Task prompt => Only the lines of the data below from the one with "3) box <box>302,31,555,233</box>" through the one with "15) boat shoe <box>476,218,632,391</box>" are wanted. Repeat them exactly.

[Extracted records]
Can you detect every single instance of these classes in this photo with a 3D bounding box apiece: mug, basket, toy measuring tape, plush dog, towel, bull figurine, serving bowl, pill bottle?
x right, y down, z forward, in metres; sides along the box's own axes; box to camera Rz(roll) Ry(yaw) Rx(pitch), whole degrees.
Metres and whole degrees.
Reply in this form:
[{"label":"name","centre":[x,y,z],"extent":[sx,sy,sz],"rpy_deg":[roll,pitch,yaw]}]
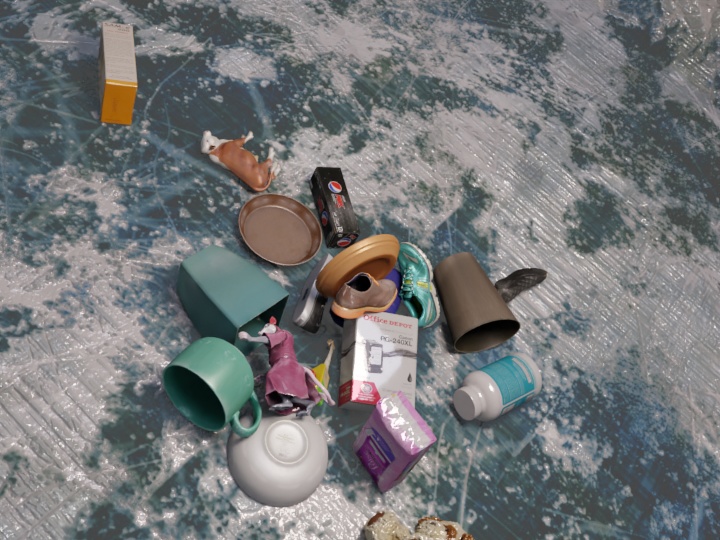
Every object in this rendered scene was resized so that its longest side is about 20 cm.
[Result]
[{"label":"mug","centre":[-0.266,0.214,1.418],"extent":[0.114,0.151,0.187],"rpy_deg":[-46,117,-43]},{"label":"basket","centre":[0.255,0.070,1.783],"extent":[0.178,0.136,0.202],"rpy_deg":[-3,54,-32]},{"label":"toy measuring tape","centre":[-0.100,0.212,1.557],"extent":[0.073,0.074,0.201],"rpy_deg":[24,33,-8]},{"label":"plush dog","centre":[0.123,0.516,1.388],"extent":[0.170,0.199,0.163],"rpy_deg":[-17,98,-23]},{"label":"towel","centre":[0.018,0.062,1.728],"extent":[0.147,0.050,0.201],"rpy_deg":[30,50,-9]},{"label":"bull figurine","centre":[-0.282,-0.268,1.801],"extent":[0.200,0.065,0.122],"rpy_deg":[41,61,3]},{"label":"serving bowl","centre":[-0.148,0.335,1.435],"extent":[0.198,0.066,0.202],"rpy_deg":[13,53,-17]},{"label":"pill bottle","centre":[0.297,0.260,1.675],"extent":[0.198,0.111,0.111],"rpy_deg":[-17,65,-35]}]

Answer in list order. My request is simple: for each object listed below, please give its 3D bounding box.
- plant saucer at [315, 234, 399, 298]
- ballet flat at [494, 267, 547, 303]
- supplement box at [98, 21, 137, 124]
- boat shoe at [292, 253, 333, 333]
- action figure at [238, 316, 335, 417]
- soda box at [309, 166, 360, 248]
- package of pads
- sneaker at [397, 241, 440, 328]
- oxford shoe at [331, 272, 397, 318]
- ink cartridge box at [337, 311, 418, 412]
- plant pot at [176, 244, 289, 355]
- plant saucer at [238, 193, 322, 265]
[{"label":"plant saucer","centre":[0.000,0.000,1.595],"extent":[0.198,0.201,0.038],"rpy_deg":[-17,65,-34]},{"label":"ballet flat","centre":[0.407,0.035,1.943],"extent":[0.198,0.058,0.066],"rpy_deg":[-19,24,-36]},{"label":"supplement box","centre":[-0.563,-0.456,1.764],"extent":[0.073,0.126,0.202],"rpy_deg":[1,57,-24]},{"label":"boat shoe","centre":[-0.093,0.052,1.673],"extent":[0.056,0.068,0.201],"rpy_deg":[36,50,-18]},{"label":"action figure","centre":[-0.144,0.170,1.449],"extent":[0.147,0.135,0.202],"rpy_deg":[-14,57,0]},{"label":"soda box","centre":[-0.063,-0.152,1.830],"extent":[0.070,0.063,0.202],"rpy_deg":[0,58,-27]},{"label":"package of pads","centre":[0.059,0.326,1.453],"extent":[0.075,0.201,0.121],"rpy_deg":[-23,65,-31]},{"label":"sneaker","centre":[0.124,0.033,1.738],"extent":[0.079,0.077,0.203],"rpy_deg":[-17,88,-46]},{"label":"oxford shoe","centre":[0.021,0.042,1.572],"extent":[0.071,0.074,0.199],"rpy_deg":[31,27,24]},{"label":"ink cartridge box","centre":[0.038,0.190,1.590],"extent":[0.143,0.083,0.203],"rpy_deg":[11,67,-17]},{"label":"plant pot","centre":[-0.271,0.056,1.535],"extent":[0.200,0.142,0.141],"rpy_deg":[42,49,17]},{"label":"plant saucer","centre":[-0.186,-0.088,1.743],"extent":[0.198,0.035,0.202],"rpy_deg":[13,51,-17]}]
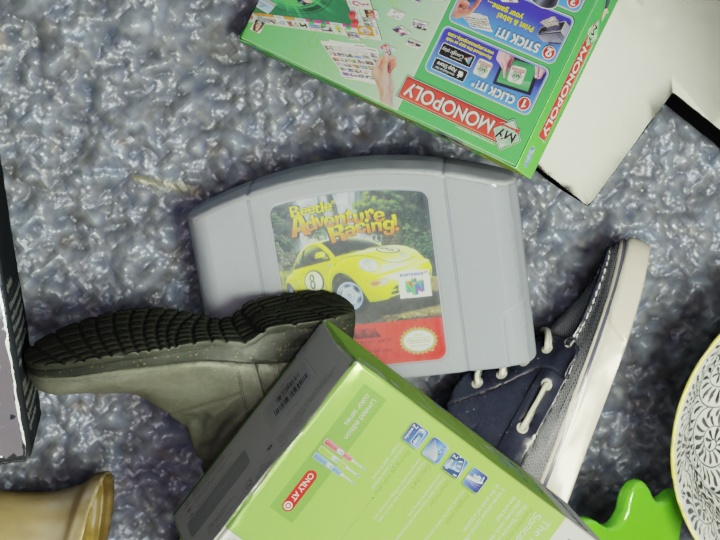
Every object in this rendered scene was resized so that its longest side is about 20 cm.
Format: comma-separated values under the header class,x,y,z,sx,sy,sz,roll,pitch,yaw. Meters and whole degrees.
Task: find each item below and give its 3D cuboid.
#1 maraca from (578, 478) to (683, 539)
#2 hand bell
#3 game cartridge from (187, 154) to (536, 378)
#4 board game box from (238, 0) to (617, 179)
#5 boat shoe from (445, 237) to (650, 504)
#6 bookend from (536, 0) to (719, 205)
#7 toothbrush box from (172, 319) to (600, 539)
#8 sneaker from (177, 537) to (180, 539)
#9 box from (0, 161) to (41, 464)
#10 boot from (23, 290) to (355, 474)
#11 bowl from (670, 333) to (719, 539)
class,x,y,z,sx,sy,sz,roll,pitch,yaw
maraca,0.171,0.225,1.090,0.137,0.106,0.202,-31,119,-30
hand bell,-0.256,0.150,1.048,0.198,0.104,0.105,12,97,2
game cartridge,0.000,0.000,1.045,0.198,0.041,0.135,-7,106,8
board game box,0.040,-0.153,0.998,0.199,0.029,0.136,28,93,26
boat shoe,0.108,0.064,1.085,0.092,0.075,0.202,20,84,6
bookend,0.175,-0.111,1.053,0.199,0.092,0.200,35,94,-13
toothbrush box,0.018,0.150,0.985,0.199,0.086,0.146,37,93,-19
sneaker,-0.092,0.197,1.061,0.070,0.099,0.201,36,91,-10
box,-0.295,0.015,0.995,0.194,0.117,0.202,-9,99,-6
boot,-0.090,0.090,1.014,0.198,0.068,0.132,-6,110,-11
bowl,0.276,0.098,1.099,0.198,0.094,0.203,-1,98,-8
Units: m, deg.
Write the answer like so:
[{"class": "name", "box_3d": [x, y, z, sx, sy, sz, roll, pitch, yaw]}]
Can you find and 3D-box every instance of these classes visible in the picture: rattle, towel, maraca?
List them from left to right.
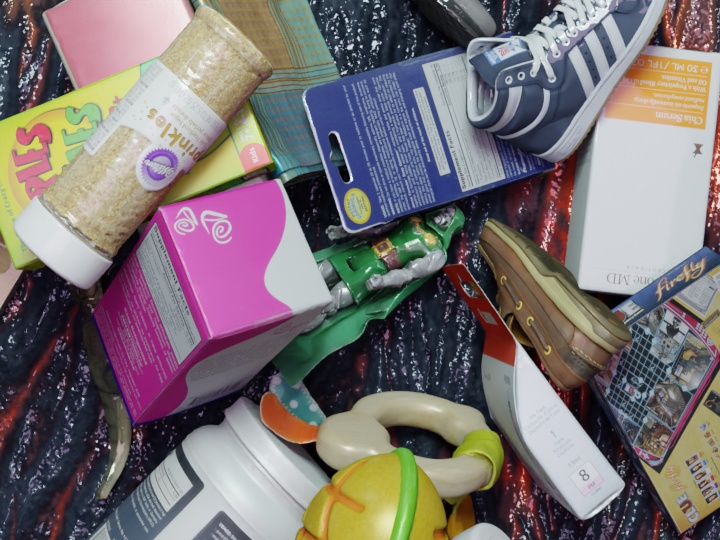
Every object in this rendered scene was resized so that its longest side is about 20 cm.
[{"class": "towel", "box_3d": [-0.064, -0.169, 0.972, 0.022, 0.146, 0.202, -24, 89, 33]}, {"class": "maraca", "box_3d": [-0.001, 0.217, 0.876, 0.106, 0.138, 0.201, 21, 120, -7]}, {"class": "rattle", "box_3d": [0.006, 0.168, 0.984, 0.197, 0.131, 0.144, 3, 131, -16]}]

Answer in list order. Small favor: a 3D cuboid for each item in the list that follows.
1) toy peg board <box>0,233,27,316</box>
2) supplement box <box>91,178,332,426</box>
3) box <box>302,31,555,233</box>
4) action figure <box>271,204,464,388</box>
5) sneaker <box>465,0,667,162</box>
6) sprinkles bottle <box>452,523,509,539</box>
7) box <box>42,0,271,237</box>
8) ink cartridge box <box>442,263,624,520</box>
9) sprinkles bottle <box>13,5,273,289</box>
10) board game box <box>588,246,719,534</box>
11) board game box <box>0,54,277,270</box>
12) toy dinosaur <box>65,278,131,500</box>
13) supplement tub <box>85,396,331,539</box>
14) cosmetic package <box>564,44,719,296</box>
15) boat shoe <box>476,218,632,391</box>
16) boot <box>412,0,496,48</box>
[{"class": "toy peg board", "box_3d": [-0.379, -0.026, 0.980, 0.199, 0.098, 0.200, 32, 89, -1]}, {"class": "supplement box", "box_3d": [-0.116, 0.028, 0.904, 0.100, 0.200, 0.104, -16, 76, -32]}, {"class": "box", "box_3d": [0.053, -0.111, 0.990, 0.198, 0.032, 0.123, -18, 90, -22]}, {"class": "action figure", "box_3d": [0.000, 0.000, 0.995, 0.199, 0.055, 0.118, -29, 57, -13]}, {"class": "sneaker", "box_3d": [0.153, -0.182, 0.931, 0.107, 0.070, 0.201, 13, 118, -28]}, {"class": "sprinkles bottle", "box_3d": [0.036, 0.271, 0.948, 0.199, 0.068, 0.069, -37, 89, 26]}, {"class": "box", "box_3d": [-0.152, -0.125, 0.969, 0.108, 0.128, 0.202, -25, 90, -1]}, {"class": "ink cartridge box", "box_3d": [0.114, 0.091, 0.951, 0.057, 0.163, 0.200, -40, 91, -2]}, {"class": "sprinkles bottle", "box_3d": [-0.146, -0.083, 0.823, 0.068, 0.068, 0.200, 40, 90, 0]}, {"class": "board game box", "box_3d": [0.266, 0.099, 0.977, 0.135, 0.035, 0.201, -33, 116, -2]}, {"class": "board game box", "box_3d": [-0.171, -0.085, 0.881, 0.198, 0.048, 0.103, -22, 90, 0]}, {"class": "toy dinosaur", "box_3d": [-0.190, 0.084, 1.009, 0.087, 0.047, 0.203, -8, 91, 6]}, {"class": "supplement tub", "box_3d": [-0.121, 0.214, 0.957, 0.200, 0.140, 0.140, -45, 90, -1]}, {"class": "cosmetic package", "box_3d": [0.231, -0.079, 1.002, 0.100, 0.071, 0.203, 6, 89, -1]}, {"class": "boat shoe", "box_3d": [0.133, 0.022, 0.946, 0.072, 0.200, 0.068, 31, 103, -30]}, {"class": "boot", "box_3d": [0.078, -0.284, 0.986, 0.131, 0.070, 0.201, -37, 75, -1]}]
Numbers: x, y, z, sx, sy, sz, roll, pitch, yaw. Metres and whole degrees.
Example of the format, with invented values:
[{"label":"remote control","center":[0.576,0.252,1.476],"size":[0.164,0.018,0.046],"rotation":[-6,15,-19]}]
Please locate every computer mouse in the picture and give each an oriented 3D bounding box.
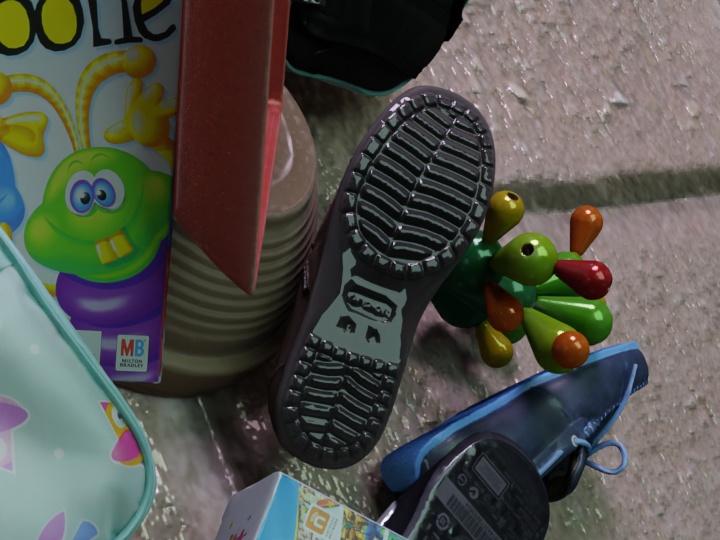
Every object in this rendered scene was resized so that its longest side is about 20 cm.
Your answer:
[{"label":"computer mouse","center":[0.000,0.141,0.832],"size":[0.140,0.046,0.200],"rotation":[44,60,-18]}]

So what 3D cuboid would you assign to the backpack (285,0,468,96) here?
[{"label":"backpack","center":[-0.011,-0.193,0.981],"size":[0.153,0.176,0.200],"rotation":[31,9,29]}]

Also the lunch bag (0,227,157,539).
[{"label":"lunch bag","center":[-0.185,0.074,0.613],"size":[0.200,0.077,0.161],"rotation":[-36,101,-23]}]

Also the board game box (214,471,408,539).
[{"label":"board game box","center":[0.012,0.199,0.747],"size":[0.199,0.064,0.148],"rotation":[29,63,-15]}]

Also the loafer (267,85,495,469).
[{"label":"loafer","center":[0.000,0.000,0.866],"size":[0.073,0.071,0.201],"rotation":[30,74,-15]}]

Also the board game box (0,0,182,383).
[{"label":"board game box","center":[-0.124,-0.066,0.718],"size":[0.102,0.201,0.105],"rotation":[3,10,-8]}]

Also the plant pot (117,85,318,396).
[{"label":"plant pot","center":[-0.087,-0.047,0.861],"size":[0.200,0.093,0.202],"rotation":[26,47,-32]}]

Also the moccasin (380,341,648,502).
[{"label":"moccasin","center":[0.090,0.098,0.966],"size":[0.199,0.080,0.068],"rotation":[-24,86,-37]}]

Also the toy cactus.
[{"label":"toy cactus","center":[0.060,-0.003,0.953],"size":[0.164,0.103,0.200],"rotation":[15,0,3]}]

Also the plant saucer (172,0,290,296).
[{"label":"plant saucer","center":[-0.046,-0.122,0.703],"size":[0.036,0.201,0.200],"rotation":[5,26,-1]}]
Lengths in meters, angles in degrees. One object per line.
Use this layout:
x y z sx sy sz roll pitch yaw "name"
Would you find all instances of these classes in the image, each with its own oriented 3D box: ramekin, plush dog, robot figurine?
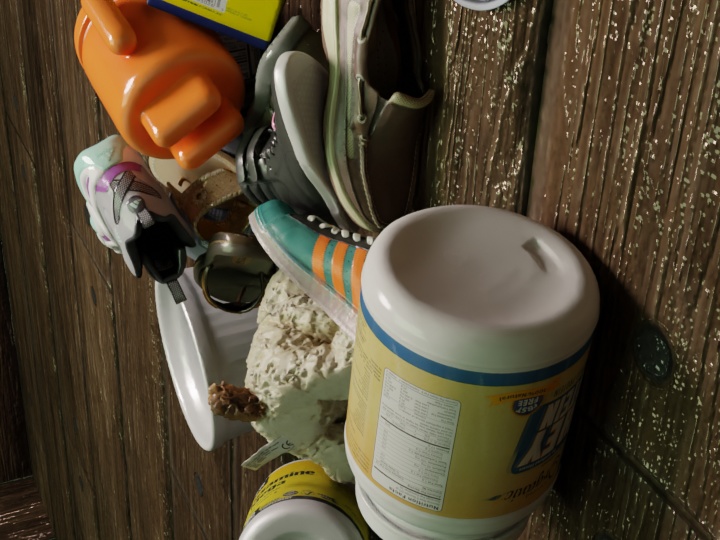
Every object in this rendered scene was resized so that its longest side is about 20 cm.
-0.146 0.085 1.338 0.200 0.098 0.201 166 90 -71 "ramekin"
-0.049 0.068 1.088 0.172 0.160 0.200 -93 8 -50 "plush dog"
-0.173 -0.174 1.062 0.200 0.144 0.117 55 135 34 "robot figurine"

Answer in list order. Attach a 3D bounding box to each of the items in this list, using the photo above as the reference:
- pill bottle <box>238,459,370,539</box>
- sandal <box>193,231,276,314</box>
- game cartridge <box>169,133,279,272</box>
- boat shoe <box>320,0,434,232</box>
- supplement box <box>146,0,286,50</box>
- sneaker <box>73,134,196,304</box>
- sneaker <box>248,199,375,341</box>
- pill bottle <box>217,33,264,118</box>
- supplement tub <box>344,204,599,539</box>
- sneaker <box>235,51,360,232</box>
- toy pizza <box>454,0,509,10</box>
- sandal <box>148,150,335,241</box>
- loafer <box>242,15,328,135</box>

Final answer =>
3) box <box>302,31,555,233</box>
4) action figure <box>271,204,464,388</box>
5) sneaker <box>465,0,667,162</box>
6) sprinkles bottle <box>452,523,509,539</box>
7) box <box>42,0,271,237</box>
8) ink cartridge box <box>442,263,624,520</box>
9) sprinkles bottle <box>13,5,273,289</box>
10) board game box <box>588,246,719,534</box>
11) board game box <box>0,54,277,270</box>
12) toy dinosaur <box>65,278,131,500</box>
13) supplement tub <box>85,396,331,539</box>
14) cosmetic package <box>564,44,719,296</box>
15) boat shoe <box>476,218,632,391</box>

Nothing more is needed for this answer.